Privacy policy

Pablo Díaz Coira, author and operator of Reedlog, with address in A Coruña (Spain).

Contact: pablo@reedlog.app

When creating an account via invitation: your email address, a public username (which you pick), an optional display name, and your password (stored encrypted with bcrypt by Supabase, never in plain text).

During use of the application: the records you create about your reeds, their measurements, the associated scraping entries, the comments you publish on public reeds, and the feedback you submit through the internal inbox.

We don't use behavioral analytics, fingerprinting, or device data beyond what is strictly necessary to serve the website (IP is recorded in Vercel logs for a maximum of 30 days).

· Providing the service you requested when registering: authentication, storage and display of your records, analysis tools and export. Legal basis: performance of contract (GDPR art. 6.1.b).

· Showing a record in the public /explore feed: only when you actively decide so from within the application. Legal basis: performance of service at the user's request (GDPR art. 6.1.b). You can revert this at any time by unpublishing the record from its page.

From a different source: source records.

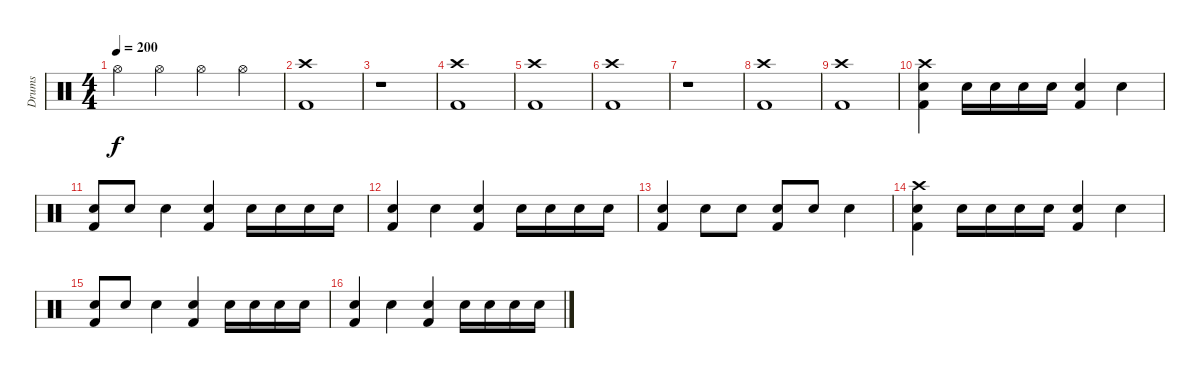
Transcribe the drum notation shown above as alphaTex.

\track ("Drums" "Drums") {instrument percussion}
\staff {score}
\articulation defaults
\ts (4 4)
\tempo 200
\clef neutral
\ks c "Hi-Hat (open)".4{dy f} "Hi-Hat (open)".4 "Hi-Hat (open)".4 "Hi-Hat (open)".4
|
("Crash high (hit)" "Kick (hit) 2").1 |
r.1 |
("Crash high (hit)" "Kick (hit) 2").1 |
("Crash high (hit)" "Kick (hit) 2").1 |
("Crash high (hit)" "Kick (hit) 2").1 |
r.1 |
("Crash high (hit)" "Kick (hit) 2").1 |
("Crash high (hit)" "Kick (hit) 2").1 |
("Crash high (hit)" "Snare (hit) 2" "Kick (hit) 2").4 "Snare (hit) 2".16 "Snare (hit) 2".16 "Snare (hit) 2".16 "Snare (hit) 2".16 ("Snare (hit) 2" "Kick (hit) 2").4 "Snare (hit) 2".4 |
("Snare (hit) 2" "Kick (hit) 2").8 "Snare (hit) 2".8 "Snare (hit) 2".4 ("Snare (hit) 2" "Kick (hit) 2").4 "Snare (hit) 2".16 "Snare (hit) 2".16 "Snare (hit) 2".16 "Snare (hit) 2".16 |
("Snare (hit) 2" "Kick (hit) 2").4 "Snare (hit) 2".4 ("Snare (hit) 2" "Kick (hit) 2").4 "Snare (hit) 2".16 "Snare (hit) 2".16 "Snare (hit) 2".16 "Snare (hit) 2".16 |
("Snare (hit) 2" "Kick (hit) 2").4 "Snare (hit) 2".8 "Snare (hit) 2".8 ("Snare (hit) 2" "Kick (hit) 2").8 "Snare (hit) 2".8 "Snare (hit) 2".4 |
("Crash high (hit)" "Snare (hit) 2" "Kick (hit) 2").4 "Snare (hit) 2".16 "Snare (hit) 2".16 "Snare (hit) 2".16 "Snare (hit) 2".16 ("Snare (hit) 2" "Kick (hit) 2").4 "Snare (hit) 2".4 |
("Snare (hit) 2" "Kick (hit) 2").8 "Snare (hit) 2".8 "Snare (hit) 2".4 ("Snare (hit) 2" "Kick (hit) 2").4 "Snare (hit) 2".16 "Snare (hit) 2".16 "Snare (hit) 2".16 "Snare (hit) 2".16 |
("Snare (hit) 2" "Kick (hit) 2").4 "Snare (hit) 2".4 ("Snare (hit) 2" "Kick (hit) 2").4 "Snare (hit) 2".16 "Snare (hit) 2".16 "Snare (hit) 2".16 "Snare (hit) 2".16
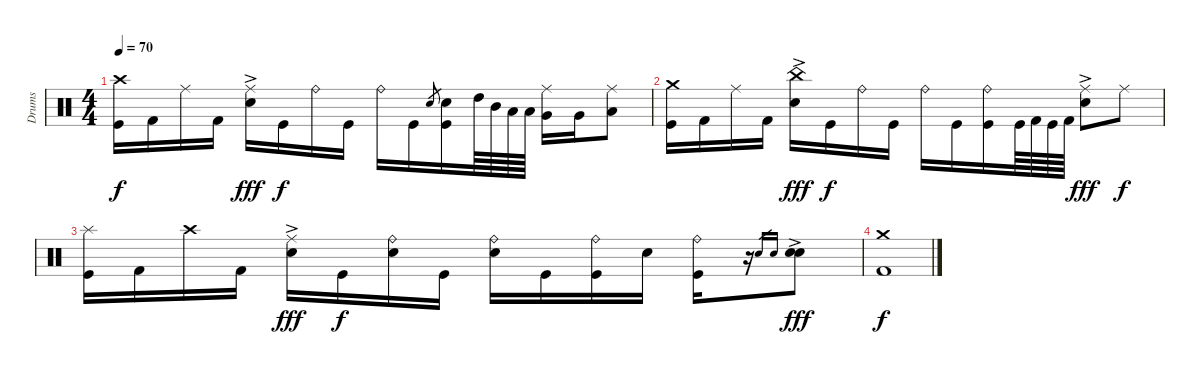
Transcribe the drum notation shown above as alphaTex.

\track ("Drums" "Drums") {instrument percussion}
\staff {score}
\articulation defaults
\ts (4 4)
\tempo 70
\clef neutral
\ks c
("Crash high (hit)" "Kick (hit)").16{dy f} "Kick (hit) 2".16 "Ride (middle)".16 "Kick (hit) 2".16 ("Ride (middle)" "Electric Snare (hit)"{ac}).16{dy fff} "Kick (hit)".16{dy f} "Ride (bell)".16 "Kick (hit)".16 "Ride (bell)".16 "Kick (hit)".16 "Electric Snare (hit)".8{gr} ("Electric Snare (hit)" "Kick (hit)").16 "High Tom (hit)".64 "Mid Tom (hit)".64 "Low Tom (hit)".64 "Low Tom (hit)".64 ("Ride (middle)" "Very Low Tom (hit)").16 "Very Low Tom (hit)".16 ("Ride (middle)" "Low Floor Tom (hit)").8 |
("Crash medium (hit)" "Kick (hit)").16 "Kick (hit) 2".16 "Ride (middle)".16 "Kick (hit) 2".16 ("China (hit)" "Electric Snare (hit)"{ac}).16{dy fff} "Kick (hit)".16{dy f} "Ride (bell)".16 "Kick (hit)".16 "Ride (bell)".16 "Kick (hit)".16 ("Ride (bell)" "Kick (hit)").16 "Kick (hit)".64 "Kick (hit) 2".64 "Kick (hit)".64 "Kick (hit) 2".64 ("Ride (middle)" "Electric Snare (hit)"{ac}).8{dy fff} "Ride (middle)".8{dy f} |
("Splash (hit)" "Kick (hit)").16 "Kick (hit) 2".16 "Crash high (hit)".16 "Kick (hit) 2".16 ("Ride (middle)" "Electric Snare (hit)"{ac}).16{dy fff} "Kick (hit)".16{dy f} ("Ride (bell)" "Snare (hit)").16 "Kick (hit)".16 ("Ride (bell)" "Snare (hit)").16 "Kick (hit)".16 ("Ride (bell)" "Kick (hit)").16 "Snare (hit)".16 ("Ride (bell)" "Kick (hit)").16 r.16 "Electric Snare (hit)".16{gr} "Electric Snare (hit)".16{gr} ("Electric Snare (hit)"{ac} "Electric Snare (hit)"{ac}).8{dy fff} |
("Crash medium (hit)" "Kick (hit) 2").1{dy f}

· Sending you essential communications related to your account (initial invitation, password reset, security notices, or substantial service changes). Legal basis: performance of contract and legitimate interest in security (GDPR arts. 6.1.b and 6.1.f).

· Handling the suggestions and reports you send through the inbox. Legal basis: legitimate interest in improving the product (GDPR art. 6.1.f).

We work with a minimum of providers, all bound by data processing agreements:

· Supabase (database and authentication). Infrastructure configured for primary hosting in the EU. · Resend (sending transactional emails: invitations, password reset). Primary processing in the US. · Vercel (application hosting). Global edge distribution. · Cloudflare (DNS and forwarding of incoming mail to pablo@reedlog.app). Global edge distribution.

We do not sell personal data to third parties, we do not display ads, and we do not share your data with any entity other than those listed here.

You can exercise your rights of access, rectification, erasure, objection, restriction of processing and data portability by emailing pablo@reedlog.app. We will respond within the one-month period set by the GDPR, extendable by up to two additional months when complexity or the number of requests so requires.

Many of these rights can be exercised directly from the application: at /settings you can change your profile and password, and export all your data in JSON or CSV. Full account deletion has to be requested by email while we implement automated in-app deletion.

If you believe we are processing your data improperly, you have the right to file a complaint with the Spanish Data Protection Agency (www.aepd.es) or your local authority.

We keep your data while your account remains active and as long as needed to provide the service.

When you request account deletion, we erase your personal data within a maximum of 30 days. Supabase automatic backups may retain them for up to 90 additional days before being overwritten.

Comments you have posted on other users' reeds remain visible after deletion of your account but disassociated from your identity (shown as 'Anonymous'). If you prefer their complete erasure, indicate so in the deletion request.

We use a minimum of cookies, all strictly necessary for the operation of the service (no prior consent required under applicable European regulation):

· Supabase session (sb-*): to keep your session active. · NEXT_LOCALE: to remember your preferred language. · reedlog-theme: to remember your theme preference (light/dark/system).

We don't use tracking, analytics, or advertising cookies.

We apply reasonable technical and organisational measures to protect your data against unauthorised access, loss, alteration or improper disclosure. These include: HTTPS encryption in transit, password storage with bcrypt, Row-Level Security at the database to isolate each user's content, and strict separation between service-role keys (server-side) and anonymous keys (client).

No system is completely invulnerable. If you detect or suspect unauthorised access to your account, please notify us immediately at pablo@reedlog.app.

Some providers (Resend, Vercel, Cloudflare) process data on servers located outside the European Economic Area, mainly in the United States. These transfers are covered by the Standard Contractual Clauses (SCCs) approved by the European Commission, which guarantee a level of protection equivalent to the GDPR.

Reedlog is not directed to children under 14 and we do not knowingly collect data from minors under that age. The minimum age of consent in Spain under the LOPDGDD (art. 7) is 14. If you believe a minor under that age has provided us with data, let us know and we will erase it.

If we make substantial changes to this policy, we'll notify you via email at the address you signed up with and keep a visible notice in the application for a reasonable period.